Care providers: Medicaid cuts will shift costs

 

A proposed cut to a Missouri Medicaid program providing in-home care to elderly and disabled people too poor to pay for it themselves will end up shifting costs to hospital visits, care providers said.

Gov. Eric Greitens last week proposed cutting $52 million from state general revenue to a home and community based services program that provides services to more than $80,000 people statewide. The cuts would make it harder to qualify for care, preventing nearly 20,000 people from receiving services.

One such woman is Lorrine Darden - a 79-year-old mother of nine who has received nursing care in her St. Louis home since she had brain surgery nearly a decade ago.

For Darden, who suffers from seizures, her care provider is a lifeline, she said. Her primary caretaker, Debra Hollins, washes her dishes, bathes her, cooks meals and cleans her house. Five days a week for 2 hours, Hollins makes sure Darden doesn't fall or burn herself on a kitchen stove.

"If it wasn't for (Hollins), I wouldn't be able to have my independence like I do," Darden said.

If Greitens' proposal passes, recipients like Darden would have to show a greater level of need to qualify for in-home or nursing home care services. In-home providers say that the cut would cost the state more money in the long run because people will ultimately end up in the emergency room without anyone to make meals or monitor medications.

Rep. Scott Fitzpatrick, the chairman of the House budget committee, said it was too early to comment on whether the cuts will make it through the House and Senate. He said he would have to wait until a Department of Health and Senior Services presentation in committee next week.

Greitens' spokesman Parker Briden and the Department of Health and Senior Services didn't respond to requests for comment.

The general revenue cuts come primarily through a change in a point system determining a person's level of need. The Missouri Department of Health and Senior Services awards a score based on a person's needs such as number of doctor's visits, complexity of medication, or whether they can drive.

Under the current law, recipients need to score 21 points to be eligible for in home or nursing home care. Greitens' proposal would raise it to 27 points.

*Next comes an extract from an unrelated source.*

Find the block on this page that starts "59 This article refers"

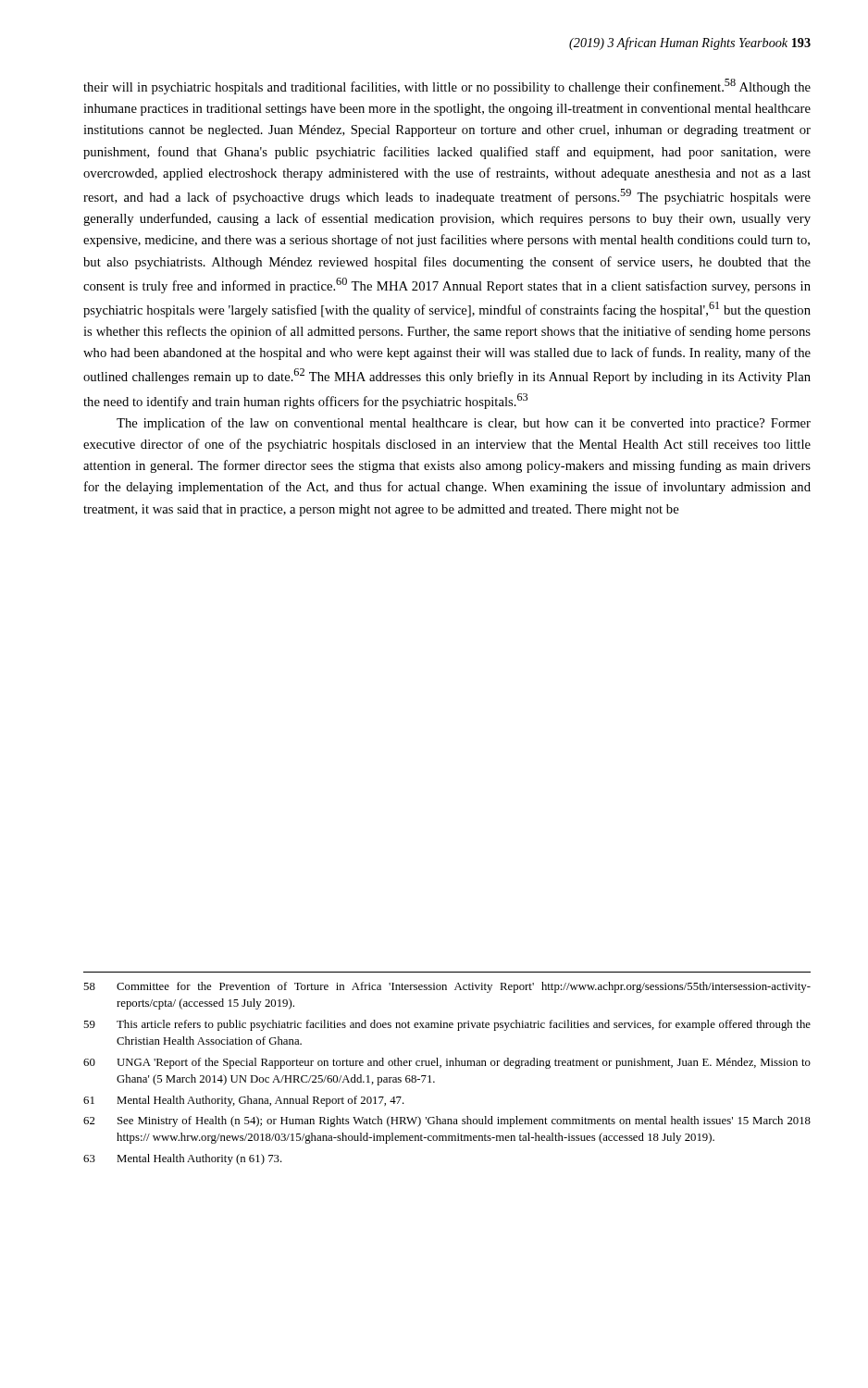(447, 1033)

Carol Hudspeth, the executive director of the Missouri Home Care Alliance, said it's hard to pinpoint the difference between a 21 and a 27 because there are so many variables used to determine needed services.

But Kimberly Lemarr, a field coordinator for Oxford HealthCare, said all of her clients, regardless of point count, need help.

Without care, some would forget to take their medicine, others would forget to eat, and some would get depressed, Lemarr said.

"They just wouldn't be able to function," she said. "You'd see people lining up in the hospital a lot more."

The cuts could also put people out of work, said Telia Starks, the St. Louis site director for American Home Care, which serves 1,900 clients throughout Missouri.

"It's like a domino effect," she said. "Some of our caregivers have been in the profession for 20 or 30 years, some are waiting to retire."

The Medicaid reductions were part of the governor's $27.6 billion spending plan for fiscal year 2018. Greitens had to account for income tax revenue down by more than 25 percent through the first half of the budget year and lower revenue than the last governor and Legislature estimated.